The South Side’s 20th Ward had the highest concentration of homeless students, 1,078, followed by the 24th (1,028); 28th (976); 27th (865); 8th (829); 3rd (783); 34th (743); 6th (688); 16th (658) and 21st (602). The downtown’s 42nd Ward had the highest percentage of homeless students in CPS, at 18.6 percent.

CCH said the district should use its federal relief money, some of which was earmarked for supporting homeless students, to identify and reengage those families.

“As CPS prepares to have a full in-person reopening for the 2021-2020 school year, it is more critical than ever that they identify and support students experiencing homelessness,” Phillips said. “With the eviction moratorium ending and families experiencing job loss and health complications during the pandemic, there may be many more families and students becoming newly homeless.”

Ald.
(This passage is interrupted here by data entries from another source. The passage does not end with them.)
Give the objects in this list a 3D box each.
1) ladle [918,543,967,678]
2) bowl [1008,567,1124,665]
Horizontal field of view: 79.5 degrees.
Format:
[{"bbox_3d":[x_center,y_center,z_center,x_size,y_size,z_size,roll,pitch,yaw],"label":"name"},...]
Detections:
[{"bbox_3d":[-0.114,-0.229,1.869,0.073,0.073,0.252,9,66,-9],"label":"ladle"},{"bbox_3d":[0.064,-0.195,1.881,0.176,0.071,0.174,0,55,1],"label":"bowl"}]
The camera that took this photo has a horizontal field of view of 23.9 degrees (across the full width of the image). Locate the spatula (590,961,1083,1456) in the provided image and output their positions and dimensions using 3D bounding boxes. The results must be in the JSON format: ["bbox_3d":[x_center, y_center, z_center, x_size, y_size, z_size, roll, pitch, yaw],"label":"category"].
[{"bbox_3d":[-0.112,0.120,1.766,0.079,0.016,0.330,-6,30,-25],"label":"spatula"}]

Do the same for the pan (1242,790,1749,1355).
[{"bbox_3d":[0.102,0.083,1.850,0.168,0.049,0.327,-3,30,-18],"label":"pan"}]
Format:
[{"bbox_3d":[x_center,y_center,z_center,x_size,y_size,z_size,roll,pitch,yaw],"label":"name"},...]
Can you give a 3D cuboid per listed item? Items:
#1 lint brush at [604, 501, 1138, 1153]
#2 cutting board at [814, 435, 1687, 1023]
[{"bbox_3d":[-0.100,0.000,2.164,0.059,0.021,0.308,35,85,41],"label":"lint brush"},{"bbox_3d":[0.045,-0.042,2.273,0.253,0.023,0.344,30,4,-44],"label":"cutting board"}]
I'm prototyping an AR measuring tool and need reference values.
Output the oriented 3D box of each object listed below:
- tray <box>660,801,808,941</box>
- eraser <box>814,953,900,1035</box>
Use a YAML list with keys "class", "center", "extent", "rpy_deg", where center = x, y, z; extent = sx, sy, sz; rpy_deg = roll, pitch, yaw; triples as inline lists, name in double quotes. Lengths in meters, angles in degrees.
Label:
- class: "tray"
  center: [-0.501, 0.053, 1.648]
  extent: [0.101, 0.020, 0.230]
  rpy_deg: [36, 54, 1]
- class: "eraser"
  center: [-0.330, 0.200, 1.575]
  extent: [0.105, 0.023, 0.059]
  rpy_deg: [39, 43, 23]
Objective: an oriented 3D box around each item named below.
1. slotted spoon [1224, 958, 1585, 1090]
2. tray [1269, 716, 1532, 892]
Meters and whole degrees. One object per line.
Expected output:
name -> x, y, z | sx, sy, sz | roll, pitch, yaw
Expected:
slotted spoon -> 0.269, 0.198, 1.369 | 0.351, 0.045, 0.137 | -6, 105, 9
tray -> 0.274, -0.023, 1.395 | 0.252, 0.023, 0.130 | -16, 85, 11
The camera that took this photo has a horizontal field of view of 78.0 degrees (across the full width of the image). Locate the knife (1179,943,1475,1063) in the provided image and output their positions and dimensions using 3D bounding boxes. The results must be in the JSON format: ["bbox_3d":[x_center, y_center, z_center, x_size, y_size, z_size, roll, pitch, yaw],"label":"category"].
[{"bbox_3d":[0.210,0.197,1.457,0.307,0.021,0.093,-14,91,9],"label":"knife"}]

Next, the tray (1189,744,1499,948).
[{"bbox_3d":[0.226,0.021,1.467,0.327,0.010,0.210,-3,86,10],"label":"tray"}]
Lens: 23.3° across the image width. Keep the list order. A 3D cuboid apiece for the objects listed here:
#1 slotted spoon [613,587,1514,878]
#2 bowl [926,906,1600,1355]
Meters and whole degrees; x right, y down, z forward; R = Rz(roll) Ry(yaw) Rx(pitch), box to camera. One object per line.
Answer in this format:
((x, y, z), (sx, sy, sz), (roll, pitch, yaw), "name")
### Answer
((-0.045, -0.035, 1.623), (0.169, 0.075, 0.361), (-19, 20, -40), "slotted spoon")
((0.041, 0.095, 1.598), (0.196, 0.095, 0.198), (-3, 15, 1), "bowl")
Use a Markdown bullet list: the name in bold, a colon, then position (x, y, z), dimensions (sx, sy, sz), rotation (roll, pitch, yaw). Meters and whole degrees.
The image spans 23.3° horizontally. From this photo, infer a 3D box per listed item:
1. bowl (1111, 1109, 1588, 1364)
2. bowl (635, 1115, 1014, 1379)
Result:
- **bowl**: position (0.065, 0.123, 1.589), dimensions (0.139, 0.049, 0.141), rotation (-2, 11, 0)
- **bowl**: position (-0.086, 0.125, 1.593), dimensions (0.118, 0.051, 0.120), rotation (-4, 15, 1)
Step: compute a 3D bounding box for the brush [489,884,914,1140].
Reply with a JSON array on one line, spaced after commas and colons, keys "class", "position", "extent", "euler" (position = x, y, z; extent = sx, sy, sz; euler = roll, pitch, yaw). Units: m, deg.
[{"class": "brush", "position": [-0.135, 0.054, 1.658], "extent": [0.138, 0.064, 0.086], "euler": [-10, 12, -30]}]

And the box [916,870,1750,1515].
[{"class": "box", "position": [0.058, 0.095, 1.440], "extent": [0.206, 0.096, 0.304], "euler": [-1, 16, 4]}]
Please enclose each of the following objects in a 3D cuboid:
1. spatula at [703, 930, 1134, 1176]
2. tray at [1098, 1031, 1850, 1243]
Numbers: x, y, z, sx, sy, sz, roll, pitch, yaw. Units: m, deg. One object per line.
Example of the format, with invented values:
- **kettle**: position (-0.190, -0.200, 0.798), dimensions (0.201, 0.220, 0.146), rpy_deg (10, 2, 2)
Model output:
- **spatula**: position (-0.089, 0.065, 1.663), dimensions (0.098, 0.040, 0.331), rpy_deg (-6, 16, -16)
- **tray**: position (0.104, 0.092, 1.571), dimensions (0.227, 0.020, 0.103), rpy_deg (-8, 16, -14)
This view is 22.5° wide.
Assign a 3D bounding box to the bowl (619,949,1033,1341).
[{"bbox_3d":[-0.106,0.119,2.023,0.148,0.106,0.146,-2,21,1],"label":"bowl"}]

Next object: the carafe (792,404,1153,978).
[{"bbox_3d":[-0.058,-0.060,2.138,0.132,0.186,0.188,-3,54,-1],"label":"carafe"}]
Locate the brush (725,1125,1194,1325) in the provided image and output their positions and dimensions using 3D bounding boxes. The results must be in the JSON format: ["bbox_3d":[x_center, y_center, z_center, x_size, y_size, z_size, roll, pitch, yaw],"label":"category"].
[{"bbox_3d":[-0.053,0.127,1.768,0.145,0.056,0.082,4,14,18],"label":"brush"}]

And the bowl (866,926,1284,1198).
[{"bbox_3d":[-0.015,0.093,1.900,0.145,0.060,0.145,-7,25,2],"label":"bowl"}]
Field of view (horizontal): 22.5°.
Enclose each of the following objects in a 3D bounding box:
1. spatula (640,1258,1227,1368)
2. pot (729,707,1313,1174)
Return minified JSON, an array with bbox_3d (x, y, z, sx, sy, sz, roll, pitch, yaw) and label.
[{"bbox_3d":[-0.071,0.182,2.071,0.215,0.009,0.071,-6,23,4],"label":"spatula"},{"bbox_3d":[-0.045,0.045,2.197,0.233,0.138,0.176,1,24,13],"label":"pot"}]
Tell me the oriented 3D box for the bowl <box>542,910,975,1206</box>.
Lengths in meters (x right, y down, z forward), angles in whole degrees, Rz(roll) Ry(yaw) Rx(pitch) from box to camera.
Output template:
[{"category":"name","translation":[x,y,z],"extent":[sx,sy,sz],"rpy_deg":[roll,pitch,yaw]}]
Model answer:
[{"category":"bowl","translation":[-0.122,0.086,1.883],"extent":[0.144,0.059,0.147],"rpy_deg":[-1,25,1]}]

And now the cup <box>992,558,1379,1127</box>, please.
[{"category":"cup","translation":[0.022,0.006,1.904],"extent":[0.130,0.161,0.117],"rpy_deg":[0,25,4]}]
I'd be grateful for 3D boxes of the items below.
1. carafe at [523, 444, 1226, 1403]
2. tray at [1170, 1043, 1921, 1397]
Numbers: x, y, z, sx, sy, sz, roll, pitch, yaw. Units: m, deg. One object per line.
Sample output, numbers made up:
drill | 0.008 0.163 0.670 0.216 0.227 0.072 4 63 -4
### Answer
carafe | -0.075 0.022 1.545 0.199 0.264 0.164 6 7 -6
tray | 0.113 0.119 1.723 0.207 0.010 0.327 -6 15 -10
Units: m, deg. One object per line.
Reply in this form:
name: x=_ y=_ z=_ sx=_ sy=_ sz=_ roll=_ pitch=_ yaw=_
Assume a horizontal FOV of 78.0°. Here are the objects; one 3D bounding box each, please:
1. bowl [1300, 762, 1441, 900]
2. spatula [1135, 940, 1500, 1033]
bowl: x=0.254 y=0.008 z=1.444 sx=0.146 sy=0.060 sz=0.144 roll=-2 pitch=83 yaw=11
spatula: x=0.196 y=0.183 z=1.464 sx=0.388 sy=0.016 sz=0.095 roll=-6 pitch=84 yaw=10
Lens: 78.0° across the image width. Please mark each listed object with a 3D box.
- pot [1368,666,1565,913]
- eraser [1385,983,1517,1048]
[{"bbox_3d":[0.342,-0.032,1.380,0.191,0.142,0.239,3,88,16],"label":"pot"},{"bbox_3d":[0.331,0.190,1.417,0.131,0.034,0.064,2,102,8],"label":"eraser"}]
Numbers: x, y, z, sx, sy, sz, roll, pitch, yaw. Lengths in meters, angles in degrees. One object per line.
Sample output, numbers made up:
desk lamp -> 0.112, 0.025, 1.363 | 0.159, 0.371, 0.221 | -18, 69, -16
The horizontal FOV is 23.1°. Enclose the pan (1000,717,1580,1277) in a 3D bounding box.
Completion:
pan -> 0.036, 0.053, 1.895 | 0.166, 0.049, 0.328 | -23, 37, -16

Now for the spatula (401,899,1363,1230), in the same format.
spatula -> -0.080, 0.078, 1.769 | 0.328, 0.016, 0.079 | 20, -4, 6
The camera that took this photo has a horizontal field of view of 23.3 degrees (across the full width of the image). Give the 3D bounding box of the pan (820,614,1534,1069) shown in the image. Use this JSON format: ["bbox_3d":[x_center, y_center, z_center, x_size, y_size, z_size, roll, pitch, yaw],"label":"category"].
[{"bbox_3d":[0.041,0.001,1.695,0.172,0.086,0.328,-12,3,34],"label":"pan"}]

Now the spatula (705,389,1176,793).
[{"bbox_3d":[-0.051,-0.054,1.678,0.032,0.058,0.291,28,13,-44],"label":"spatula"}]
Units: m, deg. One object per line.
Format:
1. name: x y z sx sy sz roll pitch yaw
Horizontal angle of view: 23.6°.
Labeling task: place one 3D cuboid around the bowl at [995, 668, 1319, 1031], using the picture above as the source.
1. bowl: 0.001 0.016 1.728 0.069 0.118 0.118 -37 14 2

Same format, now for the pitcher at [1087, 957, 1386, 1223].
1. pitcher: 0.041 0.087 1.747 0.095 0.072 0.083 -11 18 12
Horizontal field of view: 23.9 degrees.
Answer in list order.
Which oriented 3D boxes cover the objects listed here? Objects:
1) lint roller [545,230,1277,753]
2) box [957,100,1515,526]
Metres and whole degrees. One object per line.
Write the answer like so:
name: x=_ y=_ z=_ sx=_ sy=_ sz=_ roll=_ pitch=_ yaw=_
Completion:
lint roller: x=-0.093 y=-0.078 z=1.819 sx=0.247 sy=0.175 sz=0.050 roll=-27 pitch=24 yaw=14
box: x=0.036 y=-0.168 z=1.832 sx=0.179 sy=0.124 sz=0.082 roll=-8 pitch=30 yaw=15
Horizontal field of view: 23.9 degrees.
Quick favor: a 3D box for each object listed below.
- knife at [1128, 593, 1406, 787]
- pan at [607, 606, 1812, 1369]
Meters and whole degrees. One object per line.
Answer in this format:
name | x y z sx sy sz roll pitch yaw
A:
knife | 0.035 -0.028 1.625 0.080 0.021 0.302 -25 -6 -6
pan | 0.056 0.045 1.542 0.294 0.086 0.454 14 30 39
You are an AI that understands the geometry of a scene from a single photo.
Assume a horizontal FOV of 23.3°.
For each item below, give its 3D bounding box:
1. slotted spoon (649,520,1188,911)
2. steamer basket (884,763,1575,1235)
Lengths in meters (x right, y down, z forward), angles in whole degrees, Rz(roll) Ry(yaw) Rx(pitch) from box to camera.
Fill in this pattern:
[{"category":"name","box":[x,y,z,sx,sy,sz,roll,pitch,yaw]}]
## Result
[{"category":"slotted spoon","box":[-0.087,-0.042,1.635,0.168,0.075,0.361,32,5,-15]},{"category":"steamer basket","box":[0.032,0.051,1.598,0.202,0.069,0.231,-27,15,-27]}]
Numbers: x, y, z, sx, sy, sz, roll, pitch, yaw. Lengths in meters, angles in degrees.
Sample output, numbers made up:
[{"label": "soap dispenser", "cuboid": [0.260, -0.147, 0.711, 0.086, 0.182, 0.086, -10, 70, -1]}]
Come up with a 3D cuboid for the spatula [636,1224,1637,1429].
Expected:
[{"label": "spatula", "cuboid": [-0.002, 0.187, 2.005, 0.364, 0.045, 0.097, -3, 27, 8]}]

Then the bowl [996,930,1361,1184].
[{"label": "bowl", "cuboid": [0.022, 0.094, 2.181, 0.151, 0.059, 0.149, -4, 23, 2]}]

Gilbert Villegas (36th) said the mayor’s announcement also raises the question: Why not do the same for a full year for Chicago’s neediest families by earmarking $30 million in federal stimulus funds for a guaranteed income pilot program?

“Whether you want to call it guaranteed basic income or micro-grants, it’s the same concept,” said Villegas, Lightfoot’s former City Council floor leader. “This pandemic has hit Black and Brown families tremendously. I introduced this ordinance back in April. And here we are five months later when we could have been halfway through the pilot helping people.”

“It’s very hypocritical to now talk about, ‘Let’s do these micro-grants’ when we could have been helping 5,000 families. This makes the case. This is something that I’ve been yelling from the rafters on that putting money in the hands of people ... allows them to recover from this pandemic. ... Yet here we are four months after we received the money and we haven’t spent a dime to help people.”’

Villegas has estimated that the families of more than 90% of CPS students would be eligible for the guaranteed payments, since they already qualify for free lunches.

Two years ago, housing advocates shined the light on the intransigent problems of student homelessness to turn up the heat on Lightfoot to honor her campaign promise to raise Chicago’s real estate transfer tax to create a dedicated revenue stream to reduce homelessness and bankroll affordable housing.

“We hear stories about kids sleeping in apartments with 10 or 15 other people” Julie Dworkin, policy director for the CCH, said then. “They’re sleeping in a living room where people are up all night watching television. They can barely sleep. It’s hard for them to ever get their homework done or concentrate. It’s extremely difficult for kids to learn in that environment.

“They end up having more emotional problems and health problems. A lot of them don’t even have keys to the place where they’re living. They’re just sitting outside waiting for someone to come home.”